User-defined Indexes or Secondary Indexes (as they are commonly called in Database Industry) are a critical feature that enhance the performance of a database system. Indexes allow users to perform fast lookups on non-key columns or attributes without a full-fledged scan. Although this feature is a popular feature for relational databases, it has become essential for Graph databases as well.
This is a brand new feature that is being introduced in Ver 3.0. This is primarily a performance enhancement for Querying the data. TigerGraph is a native Graph database which provides easy traversal for multiple hop queries via index-free adjacency.
However, even with Index-free adjacency, users still have to deal with large Vertex level data as some vertex types can have lots of attributes. User-defined Indexing allows users to access specific non-key attributes easily and filter the size of data in each Vertex. GSQL language has extended DDL, IUD and Query commands to support User-defined Indexes. The new syntax is based on existing commands to ensure similarity and continuity.
High-level Feature Design
TigerGraph Database allows users flexibility to define User-defined Indexes on Attributes. The following table provides details on supported operations for Indexes:
Co-location of Graph Data and Index Data
Just like the base graph data, index data needs to be partitioned as well to scale to very large datasets. Our design is to co-locate the graph data and its corresponding indexes on the same server.
There are many benefits due to this approach:
-Index updates can be done locally together with the graph data in a single local transaction without having to introduce a more expensive distributed transaction.
-By co-locating the index and graph data, the fetching of graph data can be done efficiently on the local server without having to introduce any additional network transfer cost.
-Partitioned index mitigates the issue of skewed index entry, e.g., one index value has a huge number of matching vertices, which can pose a significant performance risk.
Transactional updates on graph and index data
In TigerGraph, all read and update operations on the graph data are backed by transaction protections. This is extended to the index data as well. Queries will see a consistent view of Index data.
Fault tolerance and High Availability
Since the secondary indexes are co-located with graph data locally on our Graph Processing Engine (GPE) server, they can leverage the full fault tolerance / high availability capabilities of TigerGraph’s query engine.

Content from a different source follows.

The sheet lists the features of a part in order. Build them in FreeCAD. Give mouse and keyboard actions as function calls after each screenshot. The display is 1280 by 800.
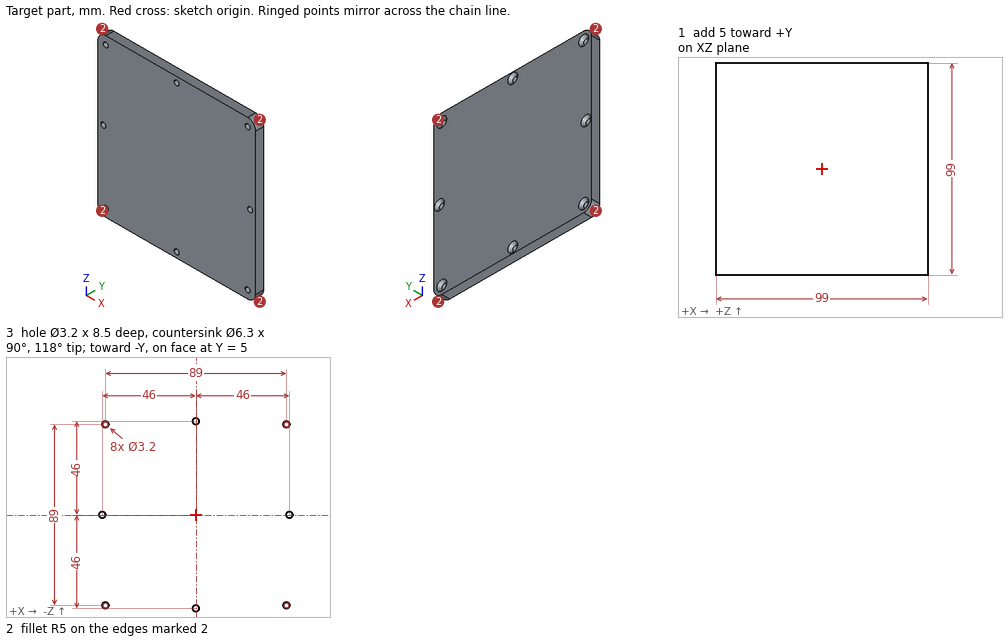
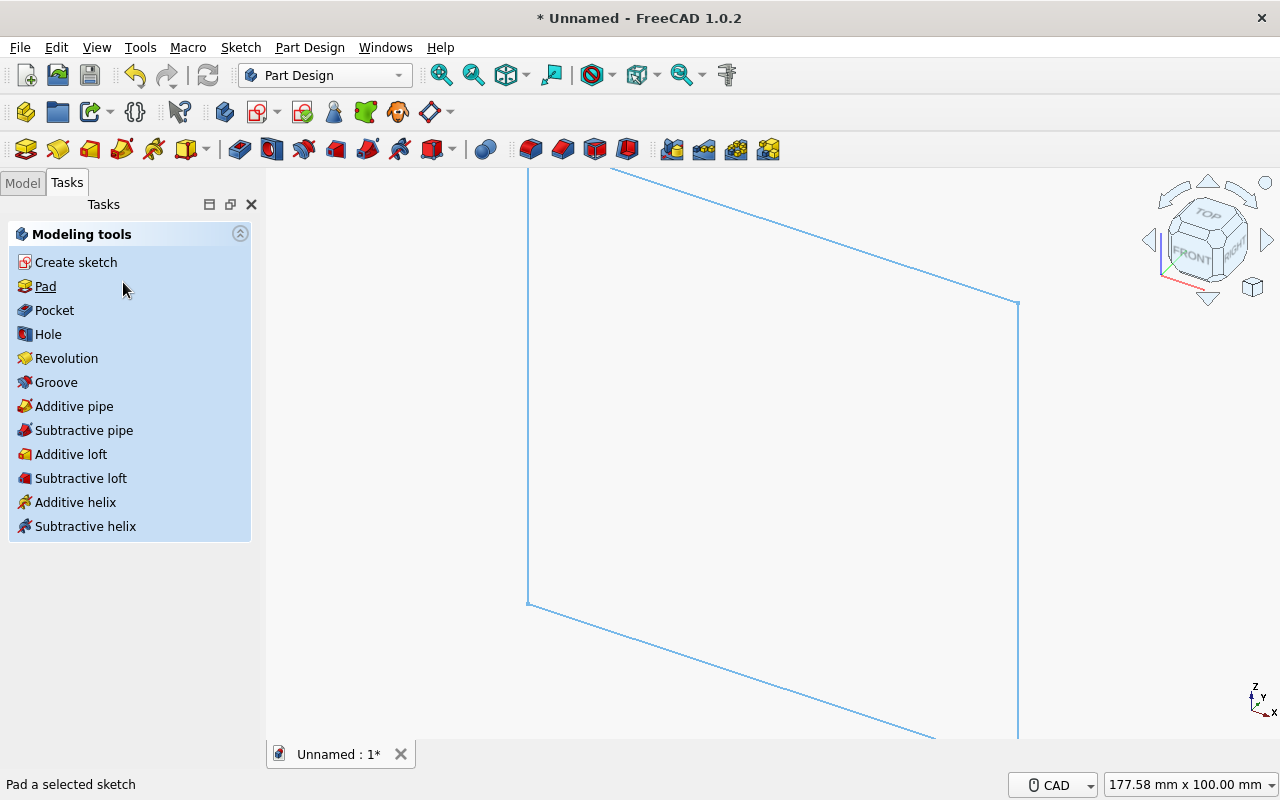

TigerGraph Performance Engineering team conducted performance testing using industry standard TPC-H benchmark for User-defined indexing features. The aim of this exercise is to demonstrate the performance gains of the feature as well as recommend best practices for users with this new feature.
The TPC Benchmark H (TPC-H) is a decision support benchmark. It consists of a suite of business oriented ad-hoc queries and concurrent data modifications. Scale factors used for the test database must be chosen from the set of fixed scale factors. The testing was primarily focused on Index performance testing. Cardinality of distinct values in the attribute was chosen to test the efficacy of using a User-defined index for that attribute. There are three cardinality levels chosen: Low, Medium and High.
Low distinct value cardinality on attribute
This type of query is a simple query on an attribute with a low number of unique values. For example, an attribute like ‘flag’.
Figure 1 : Low-cardinality Queries
X-axis: Query selectivity with respect to total data size. Y-axis: Query execution time in seconds
As you can see from the results, there is a clear performance gain due to reduced data access. There are performance gains even when 50% of data are being accessed.
Median distinct value cardinality on attribute
This type of query is a simple query with a moderate number of unique values. For example, an attribute like date that can consist of a large number of entries.
Figure 2 : Medium-cardinality Queries
X-axis: Query selectivity Percentage. Y-axis: Query execution time in seconds
As you can see from the results above, the selectivity of the predicate will determine if Index can help for attributes with Medium cardinality. For example, if the attribute is of ‘Date’ type, one value can have high Query selectivity which can result in large scans of a lot of index entries for this range query. In such a scenario, User-defined will not be of much help when more than 10% of data are being accessed. On the other hand, if the predicate has low selectivity), query with a user-defined index will give substantial performance boost.
High distinct value cardinality on attribute
For the case of high unique values, we observed similar results as Medium cardinality. For example, if the attribute is like an ID which is unique to every vertex, if the selectivity of the predicate is high, it can result in large scans. In such cases, the presence of User-defined Index doesn’t help much with performance.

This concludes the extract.